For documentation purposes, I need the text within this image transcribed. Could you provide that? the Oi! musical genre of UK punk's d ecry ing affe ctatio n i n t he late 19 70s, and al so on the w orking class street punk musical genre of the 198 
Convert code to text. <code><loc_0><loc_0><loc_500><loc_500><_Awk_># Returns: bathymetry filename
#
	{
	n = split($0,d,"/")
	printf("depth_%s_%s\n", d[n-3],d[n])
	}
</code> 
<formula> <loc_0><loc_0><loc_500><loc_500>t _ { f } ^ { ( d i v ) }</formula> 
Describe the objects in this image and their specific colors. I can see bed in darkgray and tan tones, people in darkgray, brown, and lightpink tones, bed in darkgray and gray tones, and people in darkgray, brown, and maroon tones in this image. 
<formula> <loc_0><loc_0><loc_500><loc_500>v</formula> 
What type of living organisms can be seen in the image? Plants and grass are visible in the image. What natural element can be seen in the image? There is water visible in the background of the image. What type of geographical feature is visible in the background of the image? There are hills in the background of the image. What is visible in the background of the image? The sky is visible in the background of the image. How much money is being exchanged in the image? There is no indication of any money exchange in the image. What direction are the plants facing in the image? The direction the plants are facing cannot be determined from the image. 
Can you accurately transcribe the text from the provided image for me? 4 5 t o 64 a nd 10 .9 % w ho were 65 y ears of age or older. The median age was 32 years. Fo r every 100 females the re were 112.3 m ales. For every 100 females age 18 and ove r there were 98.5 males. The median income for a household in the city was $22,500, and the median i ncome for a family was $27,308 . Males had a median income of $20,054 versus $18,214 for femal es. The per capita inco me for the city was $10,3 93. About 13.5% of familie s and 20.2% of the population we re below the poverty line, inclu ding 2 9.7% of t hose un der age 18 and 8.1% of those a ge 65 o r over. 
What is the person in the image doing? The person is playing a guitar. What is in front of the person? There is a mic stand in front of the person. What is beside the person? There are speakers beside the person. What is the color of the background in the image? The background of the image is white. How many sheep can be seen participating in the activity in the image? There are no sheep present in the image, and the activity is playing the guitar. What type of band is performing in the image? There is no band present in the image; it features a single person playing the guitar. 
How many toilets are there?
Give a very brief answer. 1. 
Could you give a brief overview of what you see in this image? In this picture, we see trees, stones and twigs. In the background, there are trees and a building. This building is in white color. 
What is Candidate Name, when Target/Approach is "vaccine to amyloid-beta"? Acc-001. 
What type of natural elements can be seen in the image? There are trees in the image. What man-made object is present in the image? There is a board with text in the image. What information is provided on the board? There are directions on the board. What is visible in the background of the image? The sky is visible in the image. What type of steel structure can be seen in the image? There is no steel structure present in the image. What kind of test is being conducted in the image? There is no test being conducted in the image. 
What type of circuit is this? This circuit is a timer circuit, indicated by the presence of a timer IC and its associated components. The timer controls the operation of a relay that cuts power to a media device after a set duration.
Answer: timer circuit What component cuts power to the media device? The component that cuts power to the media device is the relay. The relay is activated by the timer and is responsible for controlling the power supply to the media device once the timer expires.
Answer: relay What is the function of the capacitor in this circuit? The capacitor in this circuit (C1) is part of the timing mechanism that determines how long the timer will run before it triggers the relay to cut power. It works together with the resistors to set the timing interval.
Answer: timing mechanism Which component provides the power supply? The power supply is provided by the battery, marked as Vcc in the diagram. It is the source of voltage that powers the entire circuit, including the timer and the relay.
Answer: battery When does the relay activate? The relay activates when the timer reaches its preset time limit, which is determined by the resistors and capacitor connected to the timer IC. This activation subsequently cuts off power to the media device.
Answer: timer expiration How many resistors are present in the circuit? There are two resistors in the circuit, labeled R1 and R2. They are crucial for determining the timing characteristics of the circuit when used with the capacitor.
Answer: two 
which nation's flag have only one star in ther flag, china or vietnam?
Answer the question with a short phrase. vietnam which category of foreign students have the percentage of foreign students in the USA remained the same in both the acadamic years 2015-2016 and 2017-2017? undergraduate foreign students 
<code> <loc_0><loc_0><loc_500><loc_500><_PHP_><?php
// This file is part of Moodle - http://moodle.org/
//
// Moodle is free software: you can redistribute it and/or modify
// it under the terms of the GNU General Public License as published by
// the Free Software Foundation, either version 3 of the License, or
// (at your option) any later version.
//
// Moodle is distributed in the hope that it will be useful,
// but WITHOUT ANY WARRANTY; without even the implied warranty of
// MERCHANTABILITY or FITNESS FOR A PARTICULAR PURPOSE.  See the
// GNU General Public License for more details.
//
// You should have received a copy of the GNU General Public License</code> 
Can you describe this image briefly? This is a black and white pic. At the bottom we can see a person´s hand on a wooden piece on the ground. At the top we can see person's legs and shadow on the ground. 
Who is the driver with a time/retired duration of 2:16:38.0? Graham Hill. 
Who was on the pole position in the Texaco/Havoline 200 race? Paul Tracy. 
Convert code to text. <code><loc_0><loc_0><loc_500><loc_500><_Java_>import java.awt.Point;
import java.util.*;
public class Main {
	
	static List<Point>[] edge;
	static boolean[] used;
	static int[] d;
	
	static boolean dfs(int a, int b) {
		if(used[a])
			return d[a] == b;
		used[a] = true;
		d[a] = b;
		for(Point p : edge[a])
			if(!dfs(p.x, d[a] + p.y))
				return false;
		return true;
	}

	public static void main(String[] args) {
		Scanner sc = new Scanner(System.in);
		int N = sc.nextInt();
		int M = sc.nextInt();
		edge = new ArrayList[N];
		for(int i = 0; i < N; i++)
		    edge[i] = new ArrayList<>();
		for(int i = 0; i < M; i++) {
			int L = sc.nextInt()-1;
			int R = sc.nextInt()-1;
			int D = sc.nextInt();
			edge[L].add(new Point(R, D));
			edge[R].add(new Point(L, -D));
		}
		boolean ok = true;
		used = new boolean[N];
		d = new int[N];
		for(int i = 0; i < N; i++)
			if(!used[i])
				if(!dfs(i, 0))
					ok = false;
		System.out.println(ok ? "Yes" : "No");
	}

### Task to carry out
Take each line of the listing above and set it down again exactly.

### Result
For documentation purposes, I need the text within this image transcribed. Could you provide that? the Oi! musical genre of UK punk's d ecry ing affe ctatio n i n t he late 19 70s, and al so on the w orking class street punk musical genre of the 198 
Convert code to text. <code><loc_0><loc_0><loc_500><loc_500><_Awk_># Returns: bathymetry filename
#
	{
	n = split($0,d,"/")
	printf("depth_%s_%s\n", d[n-3],d[n])
	}
</code> 
<formula> <loc_0><loc_0><loc_500><loc_500>t _ { f } ^ { ( d i v ) }</formula> 
Describe the objects in this image and their specific colors. I can see bed in darkgray and tan tones, people in darkgray, brown, and lightpink tones, bed in darkgray and gray tones, and people in darkgray, brown, and maroon tones in this image. 
<formula> <loc_0><loc_0><loc_500><loc_500>v</formula> 
What type of living organisms can be seen in the image? Plants and grass are visible in the image. What natural element can be seen in the image? There is water visible in the background of the image. What type of geographical feature is visible in the background of the image? There are hills in the background of the image. What is visible in the background of the image? The sky is visible in the background of the image. How much money is being exchanged in the image? There is no indication of any money exchange in the image. What direction are the plants facing in the image? The direction the plants are facing cannot be determined from the image. 
Can you accurately transcribe the text from the provided image for me? 4 5 t o 64 a nd 10 .9 % w ho were 65 y ears of age or older. The median age was 32 years. Fo r every 100 females the re were 112.3 m ales. For every 100 females age 18 and ove r there were 98.5 males. The median income for a household in the city was $22,500, and the median i ncome for a family was $27,308 . Males had a median income of $20,054 versus $18,214 for femal es. The per capita inco me for the city was $10,3 93. About 13.5% of familie s and 20.2% of the population we re below the poverty line, inclu ding 2 9.7% of t hose un der age 18 and 8.1% of those a ge 65 o r over. 
What is the person in the image doing? The person is playing a guitar. What is in front of the person? There is a mic stand in front of the person. What is beside the person? There are speakers beside the person. What is the color of the background in the image? The background of the image is white. How many sheep can be seen participating in the activity in the image? There are no sheep present in the image, and the activity is playing the guitar. What type of band is performing in the image? There is no band present in the image; it features a single person playing the guitar. 
How many toilets are there?
Give a very brief answer. 1. 
Could you give a brief overview of what you see in this image? In this picture, we see trees, stones and twigs. In the background, there are trees and a building. This building is in white color. 
What is Candidate Name, when Target/Approach is "vaccine to amyloid-beta"? Acc-001. 
What type of natural elements can be seen in the image? There are trees in the image. What man-made object is present in the image? There is a board with text in the image. What information is provided on the board? There are directions on the board. What is visible in the background of the image? The sky is visible in the image. What type of steel structure can be seen in the image? There is no steel structure present in the image. What kind of test is being conducted in the image? There is no test being conducted in the image. 
What type of circuit is this? This circuit is a timer circuit, indicated by the presence of a timer IC and its associated components. The timer controls the operation of a relay that cuts power to a media device after a set duration.
Answer: timer circuit What component cuts power to the media device? The component that cuts power to the media device is the relay. The relay is activated by the timer and is responsible for controlling the power supply to the media device once the timer expires.
Answer: relay What is the function of the capacitor in this circuit? The capacitor in this circuit (C1) is part of the timing mechanism that determines how long the timer will run before it triggers the relay to cut power. It works together with the resistors to set the timing interval.
Answer: timing mechanism Which component provides the power supply? The power supply is provided by the battery, marked as Vcc in the diagram. It is the source of voltage that powers the entire circuit, including the timer and the relay.
Answer: battery When does the relay activate? The relay activates when the timer reaches its preset time limit, which is determined by the resistors and capacitor connected to the timer IC. This activation subsequently cuts off power to the media device.
Answer: timer expiration How many resistors are present in the circuit? There are two resistors in the circuit, labeled R1 and R2. They are crucial for determining the timing characteristics of the circuit when used with the capacitor.
Answer: two 
which nation's flag have only one star in ther flag, china or vietnam?
Answer the question with a short phrase. vietnam which category of foreign students have the percentage of foreign students in the USA remained the same in both the acadamic years 2015-2016 and 2017-2017? undergraduate foreign students 
<code> <loc_0><loc_0><loc_500><loc_500><_PHP_><?php
// This file is part of Moodle - http://moodle.org/
//
// Moodle is free software: you can redistribute it and/or modify
// it under the terms of the GNU General Public License as published by
// the Free Software Foundation, either version 3 of the License, or
// (at your option) any later version.
//
// Moodle is distributed in the hope that it will be useful,
// but WITHOUT ANY WARRANTY; without even the implied warranty of
// MERCHANTABILITY or FITNESS FOR A PARTICULAR PURPOSE.  See the
// GNU General Public License for more details.
//
// You should have received a copy of the GNU General Public License</code> 
Can you describe this image briefly? This is a black and white pic. At the bottom we can see a person´s hand on a wooden piece on the ground. At the top we can see person's legs and shadow on the ground. 
Who is the driver with a time/retired duration of 2:16:38.0? Graham Hill. 
Who was on the pole position in the Texaco/Havoline 200 race? Paul Tracy. 
Convert code to text. <code><loc_0><loc_0><loc_500><loc_500><_Java_>import java.awt.Point;
import java.util.*;
public class Main {
	
	static List<Point>[] edge;
	static boolean[] used;
	static int[] d;
	
	static boolean dfs(int a, int b) {
		if(used[a])
			return d[a] == b;
		used[a] = true;
		d[a] = b;
		for(Point p : edge[a])
			if(!dfs(p.x, d[a] + p.y))
				return false;
		return true;
	}

	public static void main(String[] args) {
		Scanner sc = new Scanner(System.in);
		int N = sc.nextInt();
		int M = sc.nextInt();
		edge = new ArrayList[N];
		for(int i = 0; i < N; i++)
		    edge[i] = new ArrayList<>();
		for(int i = 0; i < M; i++) {
			int L = sc.nextInt()-1;
			int R = sc.nextInt()-1;
			int D = sc.nextInt();
			edge[L].add(new Point(R, D));
			edge[R].add(new Point(L, -D));
		}
		boolean ok = true;
		used = new boolean[N];
		d = new int[N];
		for(int i = 0; i < N; i++)
			if(!used[i])
				if(!dfs(i, 0))
					ok = false;
		System.out.println(ok ? "Yes" : "No");
	}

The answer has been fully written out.